Dari sini jelas, ra’yu yang diformasikan melalui qiyas selalu dipegang oleh ‘Umar dalam istinbath ataupun aplikasi suatu hukum, sehingga hukum itu bisa mencapai targetnya, yakni kemaslahatan umat.

2. Masalah talak tiga
Dalam Al-Qur’an Allah telah menyebutkan, bahwa talak yang boleh rujuk kembali adalah dua kali. Kemudian jika jatuh talak ketiga, maka si suami tidak boleh rujuk kembali kepada isterinya kecuali dengan akad nikah baru, dengan catatan isterinya harus menikah terlebih dahulu dengan orang lain dan telah di talak pula oleh suami kedua tersebut. Tiga talak ini tidak jatuh secara sekaligus. Artinya, apabila menalak isterinya dengan talak tiga sekaligus, maka hanya jatuh satu talak. Inilah hukum yang telah ditetapkan oleh Nabi Saw. Begitupun yang terjadi ketika masa Abu Bakar. Namun tidak demikian pada masa ‘Umar. Beliau berijtihad, jika seorang suami menalak isterinya dengan talak tiga sekaligus, maka jatuh pula tiga talak.

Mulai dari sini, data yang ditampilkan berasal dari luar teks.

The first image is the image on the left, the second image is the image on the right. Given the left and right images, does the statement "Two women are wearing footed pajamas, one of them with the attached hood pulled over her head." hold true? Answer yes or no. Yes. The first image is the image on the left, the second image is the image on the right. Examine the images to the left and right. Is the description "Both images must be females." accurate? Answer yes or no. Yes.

Adapun alasan ‘Umar berpendapat demikian, karena beliau melihat munculnya gejala lain dalam masyarakat, di mana banyak sekali orang menjatuhkan dan mempermainkan talak tiga sekaligus kepada isterinya. Menurutnya, hal itu adalah sikap masyarakat yang menyepelehkan urusan talak. Padahal talak adalah perbuatan halal yang paling dibenci Allah. Mereka mempermainkan hukum Islam dengan menalak isteri-isteri mereka dengan cara yang tidak sesuai dengan syara‘.

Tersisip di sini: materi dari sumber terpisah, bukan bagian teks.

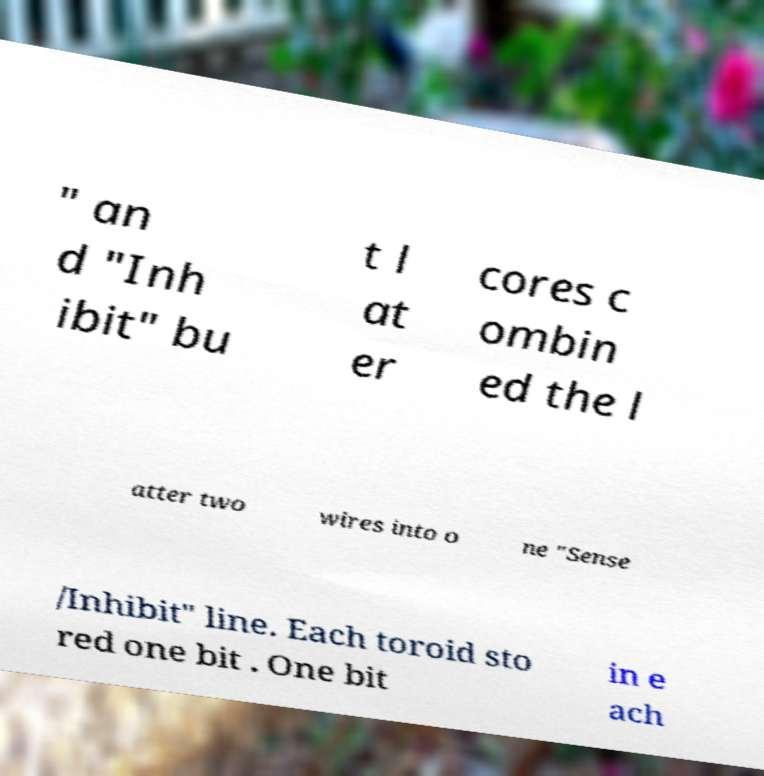Please read and relay the text visible in this image. What does it say? " an d "Inh ibit" bu t l at er cores c ombin ed the l atter two wires into o ne "Sense /Inhibit" line. Each toroid sto red one bit . One bit in e ach 
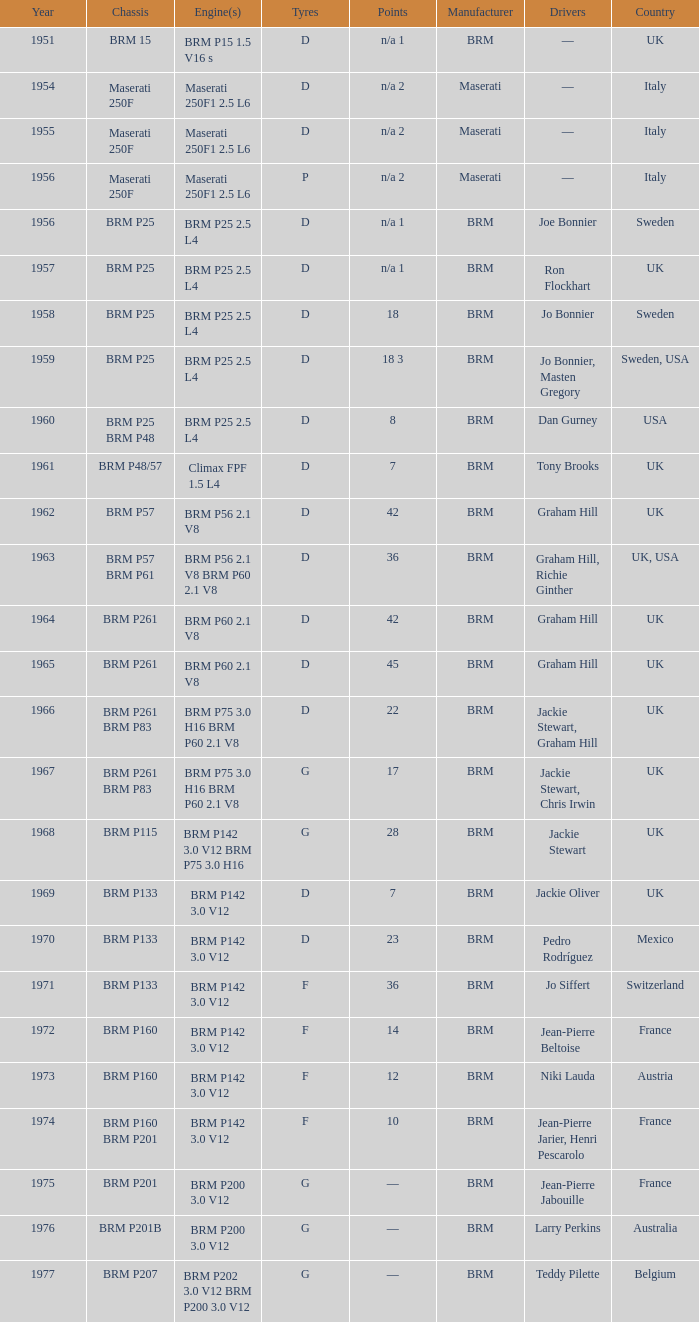Determine the combined years of brm p202 1977.0.

Intinya, ‘Umar menjatuhkan talak tiga dalam satu lafadz ini dijadikan semacam hukuman bagi orang-orang yang melanggar dan mempermainkan ajaran Allah. Lagi-lagi, ‘Umar melakukan demikian adalah untuk merealisasikan maslahat umum dan mencegah kezhaliman yang dilakukan oleh suami terhadap isteri-isterinya. Sebenarnya, pertimbangan inilah yang mendasari segala bentuk ijtihad ‘Umar.

3. Menggugurkan hukuman zina
Hukum zina bagi orang Muslim yang muhshon, adalah rajam. Hukum ini disepakati oleh ulama salaf dan khalaf meskipun dalam al-Qur’ān tidak diterangkan dengan jelas. Namun hukuman ini ditetapkan melalui sunnah Nabi. Meskipun demikian, suatu riwayat menerangkan bahwa ‘Umar pernah menggugurkan hukuman zina bagi seorang perempuan muhshon.

Ternyata setelah diteliti, ‘Umar menggugurkan hukuman zina ini karena beberapa sebab, yaitu: Pertama, adanya unsur paksaan. Karena diketahui bahwa wanita tersebut ditindih oleh seorang laki-laki yang tidak ia ketahui ketika ia sedang tidur terlelap dalam kegelapan. Kedua, ‘Umar menggugurkan hukuman zina ini karena ketidaktahuan pelaku akan keharaman zina.

Dua sebab di atas dijadikan ‘Umar sebagai syubhat untuk menggagalkan hukuman bagi perempuan tersebut. Dari sini diketahui bahwa, ‘Umar tidak gampang mengaplikasikan hukuman, melainkan harus sesuai dengan prosedur yang ada dan terlepas dari syubhat.